Establish how many lines in the material below include the word "SHOU", then give the count alone.
[RECORD SET — start]
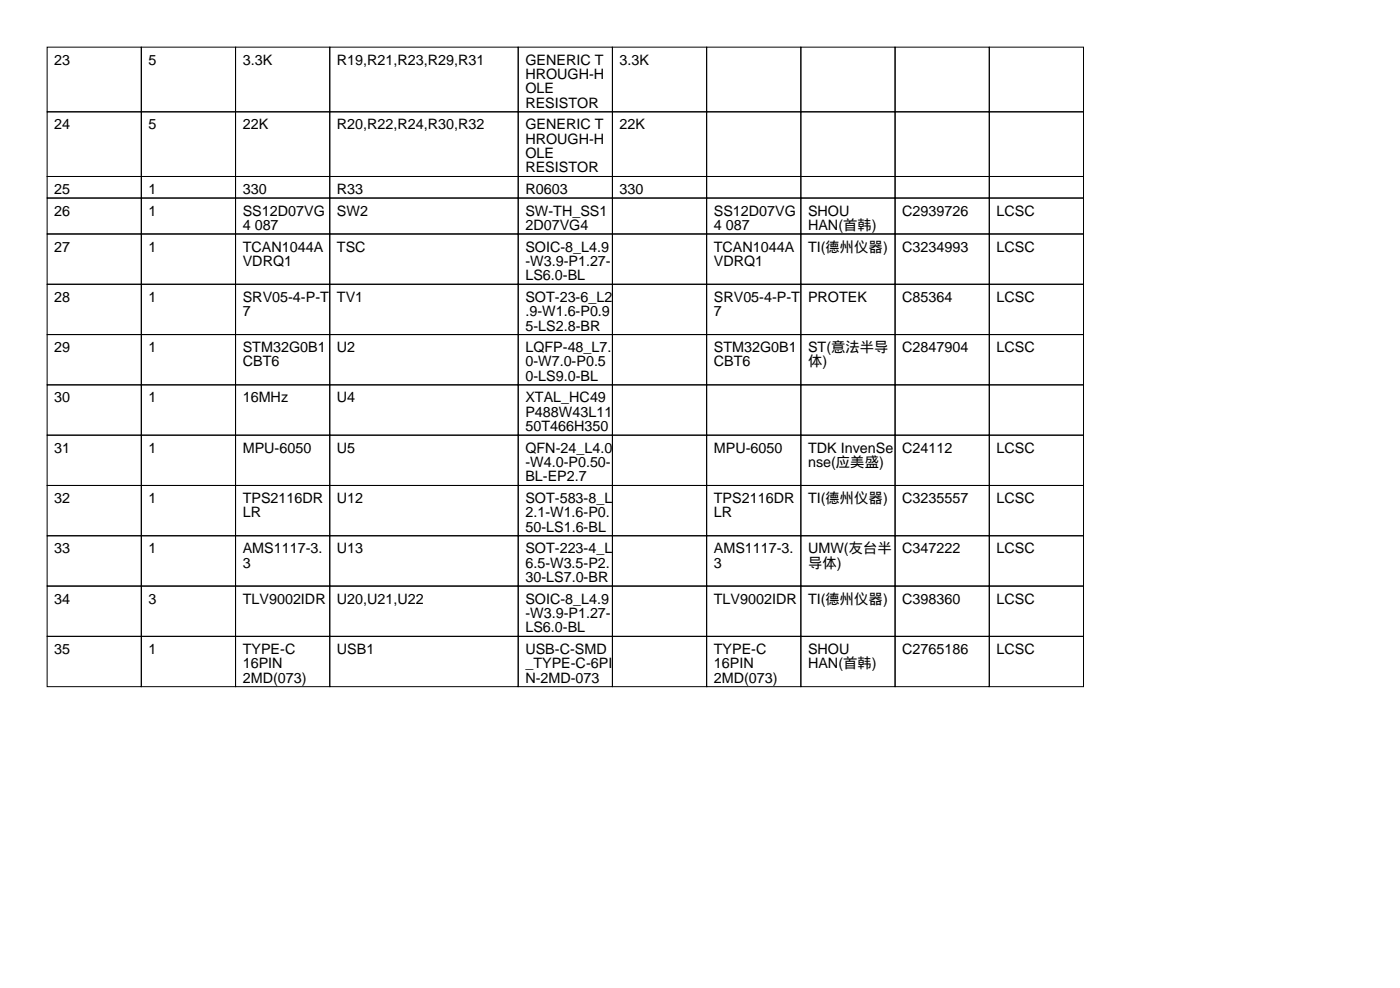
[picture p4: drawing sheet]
<svg xmlns="http://www.w3.org/2000/svg" width="297mm" height="210mm" viewBox="0 0 297 210" stroke-linecap="round" stroke-linejoin="round" font-family="sans-serif">
<defs><g id="words">
<g font-size="3">
<text x="11.5" y="13.7">23</text>
<text x="31.5" y="13.7">5</text>
<text x="51.5" y="13.7">3.3K</text>
<text x="71.5" y="13.7">R19,R21,R23,R29,R31</text>
<text x="111.5" y="13.7">GENERIC T</text>
<text x="111.5" y="16.8">HROUGH-H</text>
<text x="131.5" y="13.7">3.3K</text>
<text x="111.5" y="19.8">OLE</text>
<text x="111.5" y="22.9">RESISTOR</text>
<text x="11.5" y="27.4">24</text>
<text x="31.5" y="27.4">5</text>
<text x="51.5" y="27.4">22K</text>
<text x="71.5" y="27.4">R20,R22,R24,R30,R32</text>
<text x="111.5" y="27.4">GENERIC T</text>
<text x="131.5" y="27.4">22K</text>
<text x="111.5" y="30.5">HROUGH-H</text>
<text x="111.5" y="33.5">OLE</text>
<text x="11.5" y="41.2">25</text>
<text x="31.5" y="41.2">1</text>
<text x="51.5" y="41.2">330</text>
<text x="71.5" y="41.2">R33</text>
<text x="111.5" y="36.6">RESISTOR</text>
<text x="111.5" y="41.2">R0603</text>
<text x="131.5" y="41.2">330</text>
<text x="11.5" y="45.7">26</text>
<text x="31.5" y="45.7">1</text>
<text x="51.5" y="45.7">SS12D07VG</text>
<text x="71.5" y="45.7">SW2</text>
<text x="111.5" y="45.7">SW-TH_SS1</text>
<text x="151.5" y="45.7">SS12D07VG</text>
<text x="171.5" y="45.7">SHOU</text>
<text x="191.5" y="45.7">C2939726</text>
<text x="211.5" y="45.7">LCSC</text>
<text x="11.5" y="53.3">27</text>
<text x="31.5" y="53.3">1</text>
<text x="51.5" y="48.8">4 087</text>
<text x="51.5" y="53.3">TCAN1044A</text>
<text x="71.5" y="53.3">TSC</text>
<text x="111.5" y="48.8">2D07VG4</text>
<text x="111.5" y="53.3">SOIC-8_L4.9</text>
<text x="151.5" y="48.8">4 087</text>
<text x="151.5" y="53.3">TCAN1044A</text>
<text x="171.5" y="48.8">HAN(首韩)</text>
<text x="171.5" y="53.3">TI(德州仪器)</text>
<text x="191.5" y="53.3">C3234993</text>
<text x="211.5" y="53.3">LCSC</text>
<text x="51.5" y="56.4">VDRQ1</text>
<text x="111.5" y="56.4">-W3.9-P1.27-</text>
<text x="111.5" y="59.4">LS6.0-BL</text>
<text x="151.5" y="56.4">VDRQ1</text>
<text x="11.5" y="64">28</text>
<text x="31.5" y="64">1</text>
<text x="51.5" y="64">SRV05-4-P-T</text>
<text x="71.5" y="64">TV1</text>
<text x="111.5" y="64">SOT-23-6_L2</text>
<text x="151.5" y="64">SRV05-4-P-T</text>
<text x="171.5" y="64">PROTEK</text>
<text x="191.5" y="64">C85364</text>
<text x="211.5" y="64">LCSC</text>
<text x="51.5" y="67.1">7</text>
<text x="111.5" y="67.1">.9-W1.6-P0.9</text>
<text x="111.5" y="70.1">5-LS2.8-BR</text>
<text x="151.5" y="67.1">7</text>
<text x="11.5" y="74.7">29</text>
<text x="31.5" y="74.7">1</text>
<text x="51.5" y="74.7">STM32G0B1</text>
<text x="51.5" y="77.7">CBT6</text>
<text x="71.5" y="74.7">U2</text>
<text x="111.5" y="74.7">LQFP-48_L7.</text>
<text x="111.5" y="77.7">0-W7.0-P0.5</text>
<text x="151.5" y="74.7">STM32G0B1</text>
<text x="151.5" y="77.7">CBT6</text>
<text x="171.5" y="74.7">ST(意法半导</text>
<text x="171.5" y="77.7">体)</text>
<text x="191.5" y="74.7">C2847904</text>
<text x="211.5" y="74.7">LCSC</text>
<text x="111.5" y="80.8">0-LS9.0-BL</text>
<text x="11.5" y="85.3">30</text>
<text x="31.5" y="85.3">1</text>
<text x="51.5" y="85.3">16MHz</text>
<text x="71.5" y="85.3">U4</text>
<text x="111.5" y="85.3">XTAL_HC49</text>
<text x="111.5" y="88.4">P488W43L11</text>
<text x="111.5" y="91.4">50T466H350</text>
<text x="11.5" y="96">31</text>
<text x="31.5" y="96">1</text>
<text x="51.5" y="96">MPU-6050</text>
<text x="71.5" y="96">U5</text>
<text x="111.5" y="96">QFN-24_L4.0</text>
<text x="111.5" y="99.1">-W4.0-P0.50-</text>
<text x="151.5" y="96">MPU-6050</text>
<text x="171.5" y="96">TDK InvenSe</text>
<text x="171.5" y="99.1">nse(应美盛)</text>
<text x="191.5" y="96">C24112</text>
<text x="211.5" y="96">LCSC</text>
<text x="11.5" y="106.7">32</text>
<text x="31.5" y="106.7">1</text>
<text x="51.5" y="106.7">TPS2116DR</text>
<text x="71.5" y="106.7">U12</text>
<text x="111.5" y="102.1">BL-EP2.7</text>
<text x="111.5" y="106.7">SOT-583-8_L</text>
<text x="151.5" y="106.7">TPS2116DR</text>
<text x="171.5" y="106.7">TI(德州仪器)</text>
<text x="191.5" y="106.7">C3235557</text>
<text x="211.5" y="106.7">LCSC</text>
<text x="51.5" y="109.7">LR</text>
<text x="111.5" y="109.7">2.1-W1.6-P0.</text>
<text x="111.5" y="112.8">50-LS1.6-BL</text>
<text x="151.5" y="109.7">LR</text>
<text x="11.5" y="117.4">33</text>
<text x="31.5" y="117.4">1</text>
<text x="51.5" y="117.4">AMS1117-3.</text>
<text x="71.5" y="117.4">U13</text>
<text x="111.5" y="117.4">SOT-223-4_L</text>
<text x="151.5" y="117.4">AMS1117-3.</text>
<text x="171.5" y="117.4">UMW(友台半</text>
<text x="191.5" y="117.4">C347222</text>
<text x="211.5" y="117.4">LCSC</text>
<text x="51.5" y="120.4">3</text>
<text x="111.5" y="120.4">6.5-W3.5-P2.</text>
<text x="111.5" y="123.4">30-LS7.0-BR</text>
<text x="151.5" y="120.4">3</text>
<text x="171.5" y="120.4">导体)</text>
<text x="11.5" y="128">34</text>
<text x="31.5" y="128">3</text>
<text x="51.5" y="128">TLV9002IDR</text>
<text x="71.5" y="128">U20,U21,U22</text>
<text x="111.5" y="128">SOIC-8_L4.9</text>
<text x="111.5" y="131.1">-W3.9-P1.27-</text>
<text x="151.5" y="128">TLV9002IDR</text>
<text x="171.5" y="128">TI(德州仪器)</text>
<text x="191.5" y="128">C398360</text>
<text x="211.5" y="128">LCSC</text>
<text x="111.5" y="134.1">LS6.0-BL</text>
<text x="11.5" y="138.7">35</text>
<text x="31.5" y="138.7">1</text>
<text x="51.5" y="138.7">TYPE-C</text>
<text x="51.5" y="141.7">16PIN</text>
<text x="71.5" y="138.7">USB1</text>
<text x="111.5" y="138.7">USB-C-SMD</text>
<text x="111.5" y="141.7">_TYPE-C-6PI</text>
<text x="151.5" y="138.7">TYPE-C</text>
<text x="151.5" y="141.7">16PIN</text>
<text x="171.5" y="138.7">SHOU</text>
<text x="171.5" y="141.7">HAN(首韩)</text>
<text x="191.5" y="138.7">C2765186</text>
<text x="211.5" y="138.7">LCSC</text>
<text x="51.5" y="144.8">2MD(073)</text>
<text x="111.5" y="144.8">N-2MD-073</text>
<text x="151.5" y="144.8">2MD(073)</text>
</g>
</g></defs>
<g fill="none" stroke="#000" stroke-width=".21">
<path d="M10 10h20v13.7h-20zM30 10h20v13.7h-20zM50 10h20v13.7h-20zM70 10h40v13.7h-40zM110 10h20v13.7h-20zM130 10h20v13.7h-20zM150 10h20v13.7h-20zM170 10h20v13.7h-20zM190 10h20v13.7h-20zM210 10h20v13.7h-20zM10 23.7h20v13.7h-20zM10 37.4h20v4.6h-20z"/>
<path d="M30 23.7h20v13.7h-20zM30 37.4h20v4.6h-20zM50 23.7h20v13.7h-20zM50 37.4h20v4.6h-20zM70 23.7h40v13.7h-40zM70 37.4h40v4.6h-40zM110 23.7h20v13.7h-20zM110 37.4h20v4.6h-20zM130 23.7h20v13.7h-20zM130 37.4h20v4.6h-20zM150 23.7h20v13.7h-20zM150 37.4h20v4.6h-20z"/>
<path d="M170 23.7h20v13.7h-20zM170 37.4h20v4.6h-20zM190 23.7h20v13.7h-20zM190 37.4h20v4.6h-20zM210 23.7h20v13.7h-20zM210 37.4h20v4.6h-20zM10 42h20v7.6h-20zM10 49.6h20v10.7h-20zM30 42h20v7.6h-20zM30 49.6h20v10.7h-20zM50 42h20v7.6h-20zM50 49.6h20v10.7h-20z"/>
<path d="M70 42h40v7.6h-40zM70 49.6h40v10.7h-40zM110 42h20v7.6h-20zM110 49.6h20v10.7h-20zM130 42h20v7.6h-20zM130 49.6h20v10.7h-20zM150 42h20v7.6h-20zM150 49.6h20v10.7h-20zM170 42h20v7.6h-20zM170 49.6h20v10.7h-20zM190 42h20v7.6h-20zM190 49.6h20v10.7h-20z"/>
<path d="M210 42h20v7.6h-20zM210 49.6h20v10.7h-20zM10 60.3h20v10.7h-20zM10 71h20v10.6h-20zM30 60.3h20v10.7h-20zM30 71h20v10.6h-20zM50 60.3h20v10.7h-20zM50 71h20v10.6h-20zM70 60.3h40v10.7h-40zM70 71h40v10.6h-40zM110 60.3h20v10.7h-20zM110 71h20v10.6h-20z"/>
<path d="M130 60.3h20v10.7h-20zM130 71h20v10.6h-20zM150 60.3h20v10.7h-20zM150 71h20v10.6h-20zM170 60.3h20v10.7h-20zM170 71h20v10.6h-20zM190 60.3h20v10.7h-20zM190 71h20v10.6h-20zM210 60.3h20v10.7h-20zM210 71h20v10.6h-20zM10 81.6h20v10.7h-20zM10 92.3h20v10.7h-20z"/>
<path d="M30 81.6h20v10.7h-20zM30 92.3h20v10.7h-20zM50 81.6h20v10.7h-20zM50 92.3h20v10.7h-20zM70 81.6h40v10.7h-40zM70 92.3h40v10.7h-40zM110 81.6h20v10.7h-20zM110 92.3h20v10.7h-20zM130 81.6h20v10.7h-20zM130 92.3h20v10.7h-20zM150 81.6h20v10.7h-20zM150 92.3h20v10.7h-20z"/>
<path d="M170 81.6h20v10.7h-20zM170 92.3h20v10.7h-20zM190 81.6h20v10.7h-20zM190 92.3h20v10.7h-20zM210 81.6h20v10.7h-20zM210 92.3h20v10.7h-20zM10 103h20v10.6h-20zM10 113.6h20v10.7h-20zM30 103h20v10.6h-20zM30 113.6h20v10.7h-20zM50 103h20v10.6h-20zM50 113.6h20v10.7h-20z"/>
<path d="M70 103h40v10.6h-40zM70 113.6h40v10.7h-40zM110 103h20v10.6h-20zM110 113.6h20v10.7h-20zM130 103h20v10.6h-20zM130 113.6h20v10.7h-20zM150 103h20v10.6h-20zM150 113.6h20v10.7h-20zM170 103h20v10.6h-20zM170 113.6h20v10.7h-20zM190 103h20v10.6h-20zM190 113.6h20v10.7h-20z"/>
<path d="M210 103h20v10.6h-20zM210 113.6h20v10.7h-20zM10 124.3h20v10.7h-20zM10 135h20v10.6h-20zM30 124.3h20v10.7h-20zM30 135h20v10.6h-20zM50 124.3h20v10.7h-20zM50 135h20v10.6h-20zM70 124.3h40v10.7h-40zM70 135h40v10.6h-40zM110 124.3h20v10.7h-20zM110 135h20v10.6h-20z"/>
<path d="M130 124.3h20v10.7h-20zM130 135h20v10.6h-20zM150 124.3h20v10.7h-20zM150 135h20v10.6h-20zM170 124.3h20v10.7h-20zM170 135h20v10.6h-20zM190 124.3h20v10.7h-20zM190 135h20v10.6h-20zM210 124.3h20v10.7h-20zM210 135h20v10.6h-20z"/>
</g>
<use href="#words"/>
</svg>
[RECORD SET — finish]
• **RESPONSE TO THE TASK**
2